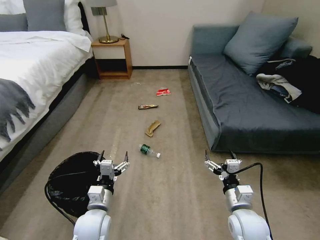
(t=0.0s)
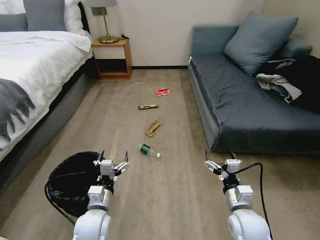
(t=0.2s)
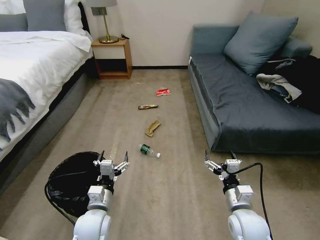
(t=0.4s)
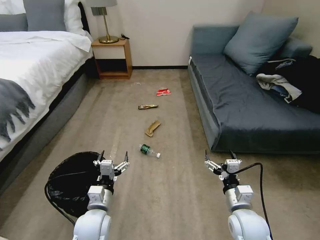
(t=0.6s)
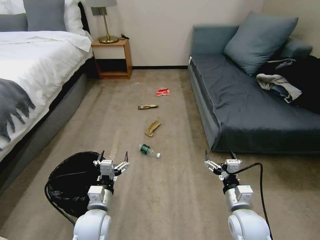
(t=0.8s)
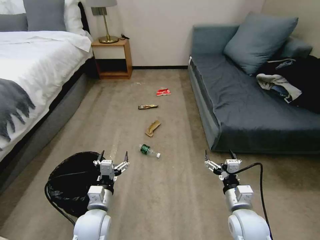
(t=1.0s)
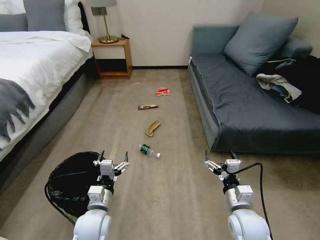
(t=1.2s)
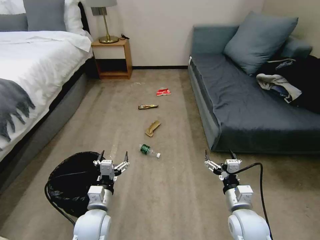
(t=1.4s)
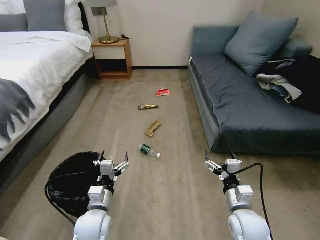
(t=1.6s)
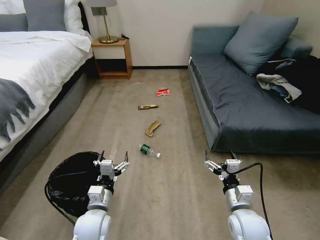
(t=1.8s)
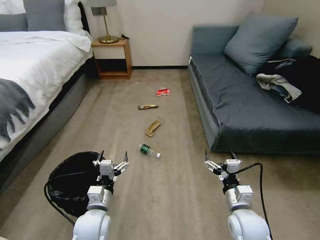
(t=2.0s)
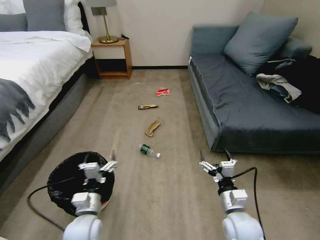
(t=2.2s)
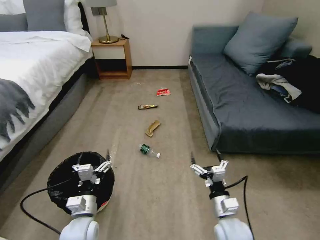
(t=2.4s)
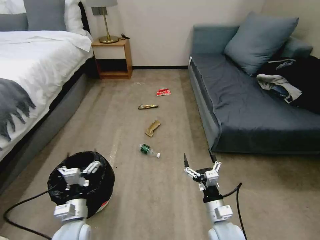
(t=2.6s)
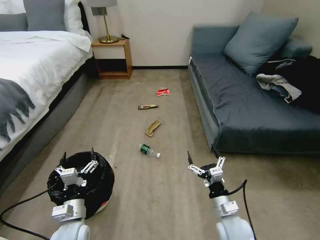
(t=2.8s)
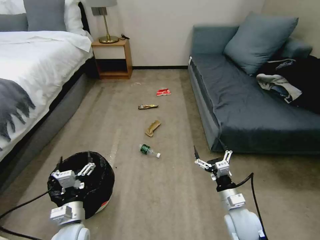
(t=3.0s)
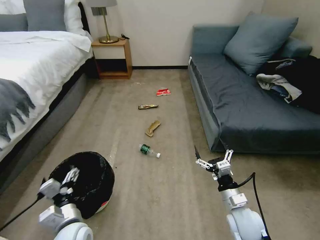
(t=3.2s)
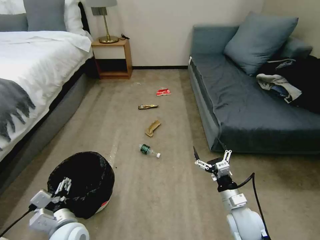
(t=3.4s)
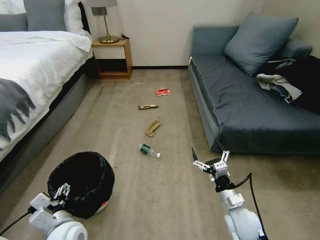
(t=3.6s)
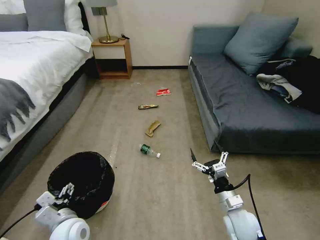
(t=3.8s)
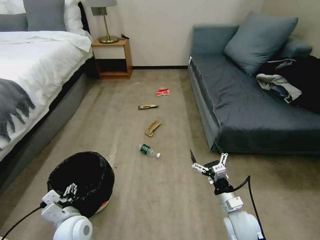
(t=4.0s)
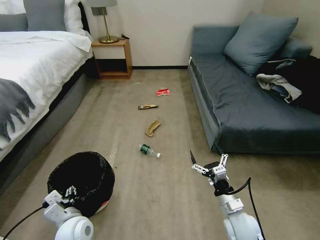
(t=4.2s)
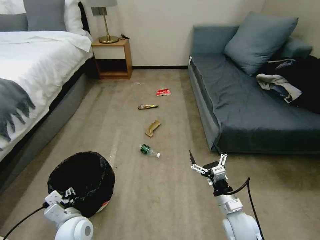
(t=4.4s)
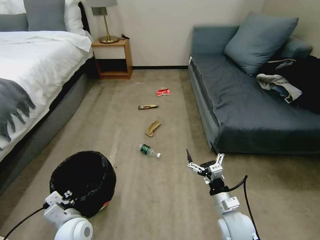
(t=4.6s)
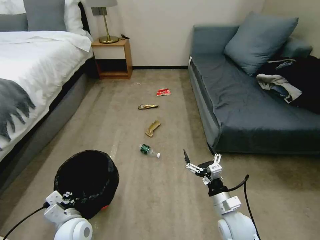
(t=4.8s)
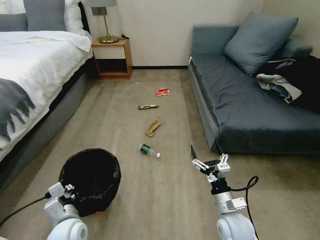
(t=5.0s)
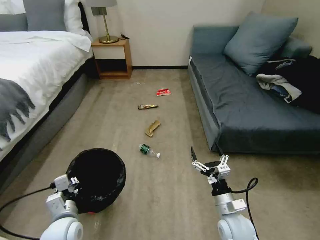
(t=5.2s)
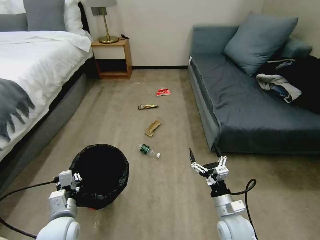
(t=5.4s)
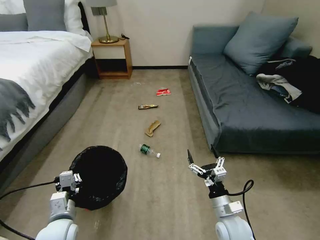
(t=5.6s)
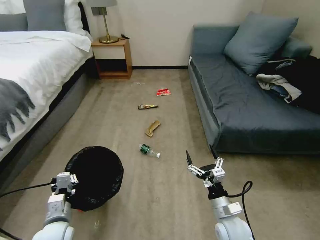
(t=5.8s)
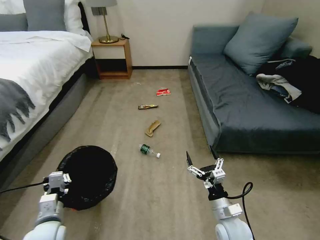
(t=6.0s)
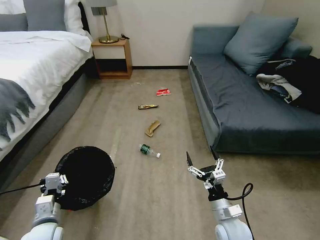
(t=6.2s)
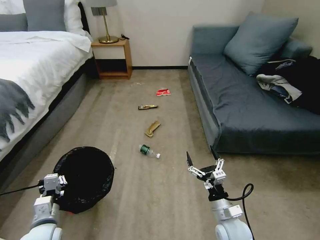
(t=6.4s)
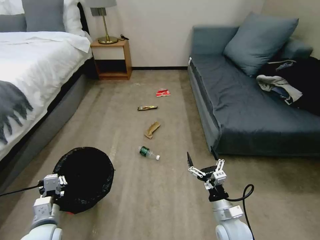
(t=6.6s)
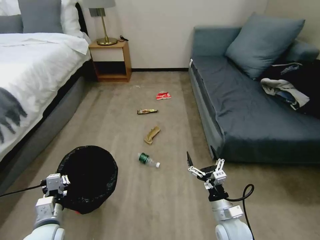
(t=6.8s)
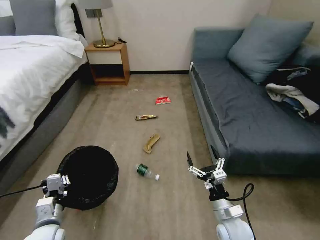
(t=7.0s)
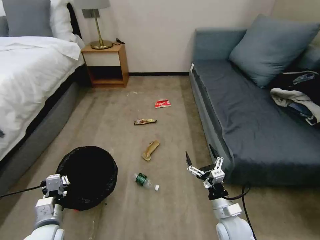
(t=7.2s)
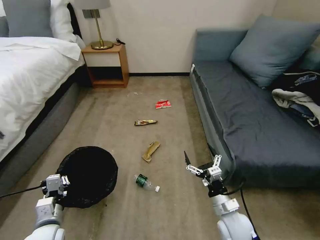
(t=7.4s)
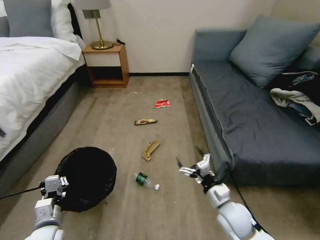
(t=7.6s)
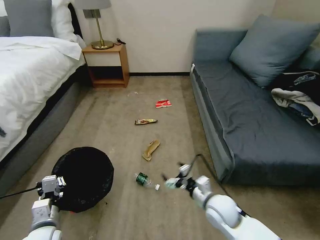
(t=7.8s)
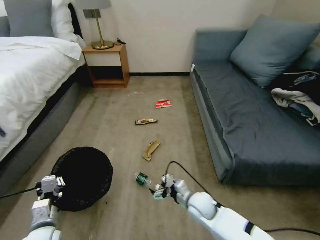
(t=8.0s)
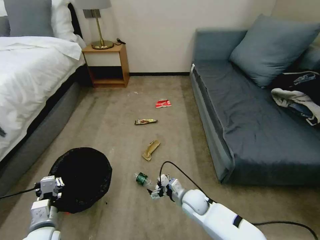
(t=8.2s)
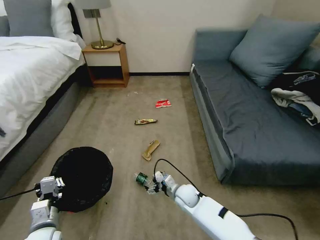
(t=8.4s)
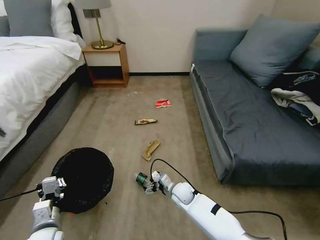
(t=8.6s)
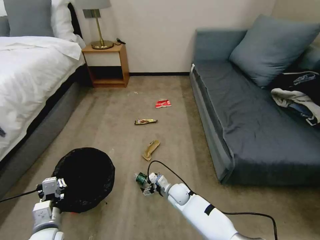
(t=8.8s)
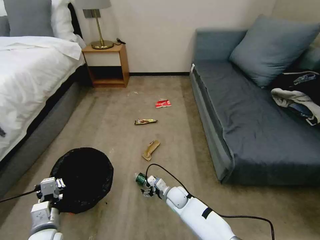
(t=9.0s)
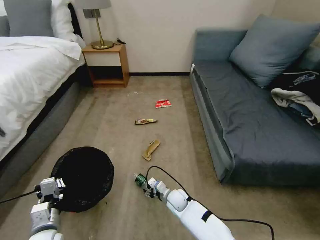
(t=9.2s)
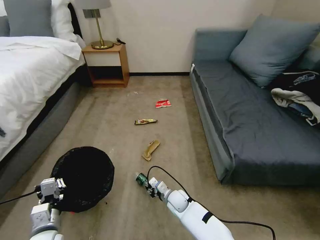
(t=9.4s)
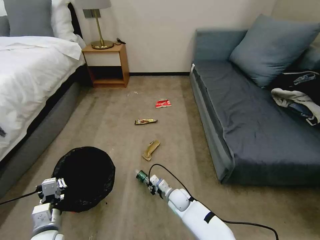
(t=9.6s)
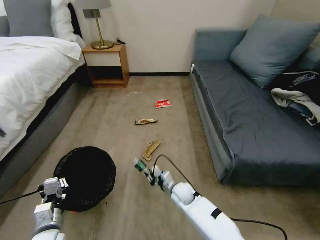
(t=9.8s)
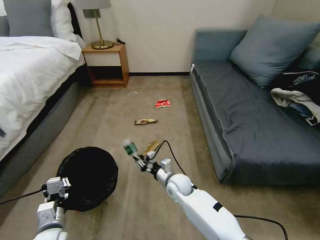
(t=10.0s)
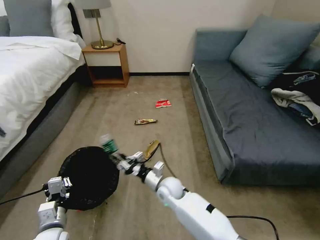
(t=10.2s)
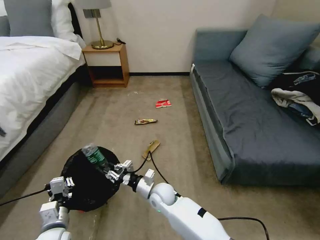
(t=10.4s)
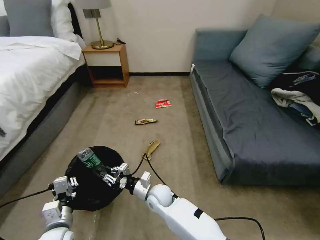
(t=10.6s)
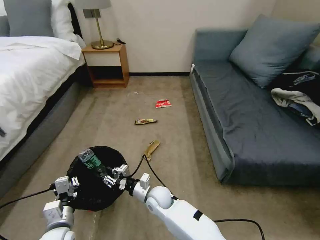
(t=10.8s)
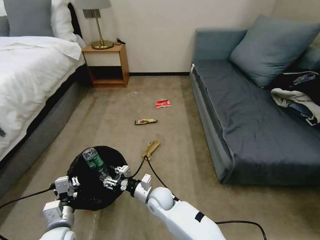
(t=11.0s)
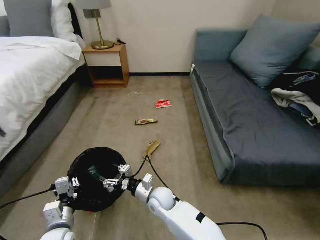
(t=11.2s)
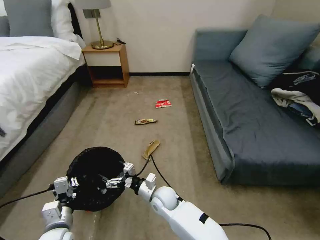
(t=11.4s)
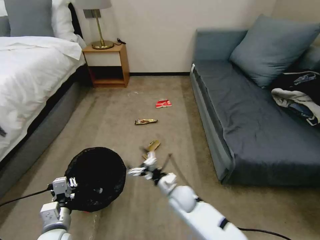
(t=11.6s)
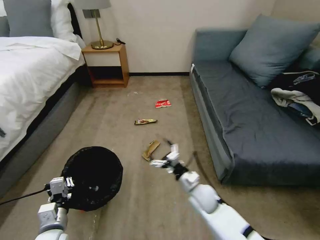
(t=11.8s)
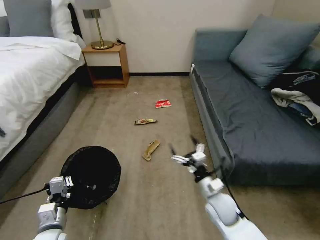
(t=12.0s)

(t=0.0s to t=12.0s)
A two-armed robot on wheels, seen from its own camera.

——

Output the data above exactly. Drop every picture.

**RESPONSE AREA**.
(t=0.0s)
(t=0.2s)
(t=0.4s)
(t=0.6s)
(t=0.8s)
(t=1.0s)
(t=1.2s)
(t=1.4s)
(t=1.6s)
(t=1.8s)
(t=2.0s)
(t=2.2s)
(t=2.4s)
(t=2.6s)
(t=2.8s)
(t=3.0s)
(t=3.2s)
(t=3.4s)
(t=3.6s)
(t=3.8s)
(t=4.0s)
(t=4.2s)
(t=4.4s)
(t=4.6s)
(t=4.8s)
(t=5.0s)
(t=5.2s)
(t=5.4s)
(t=5.6s)
(t=5.8s)
(t=6.0s)
(t=6.2s)
(t=6.4s)
(t=6.6s)
(t=6.8s)
(t=7.0s)
(t=7.2s)
(t=7.4s)
(t=7.6s)
(t=7.8s)
(t=8.0s)
(t=8.2s)
(t=8.4s)
(t=8.6s)
(t=8.8s)
(t=9.0s)
(t=9.2s)
(t=9.4s)
(t=9.6s)
(t=9.8s)
(t=10.0s)
(t=10.2s)
(t=10.4s)
(t=10.6s)
(t=10.8s)
(t=11.0s)
(t=11.2s)
(t=11.4s)
(t=11.6s)
(t=11.8s)
(t=12.0s)

(t=0.0s to t=12.0s)
A two-armed robot on wheels, seen from its own camera.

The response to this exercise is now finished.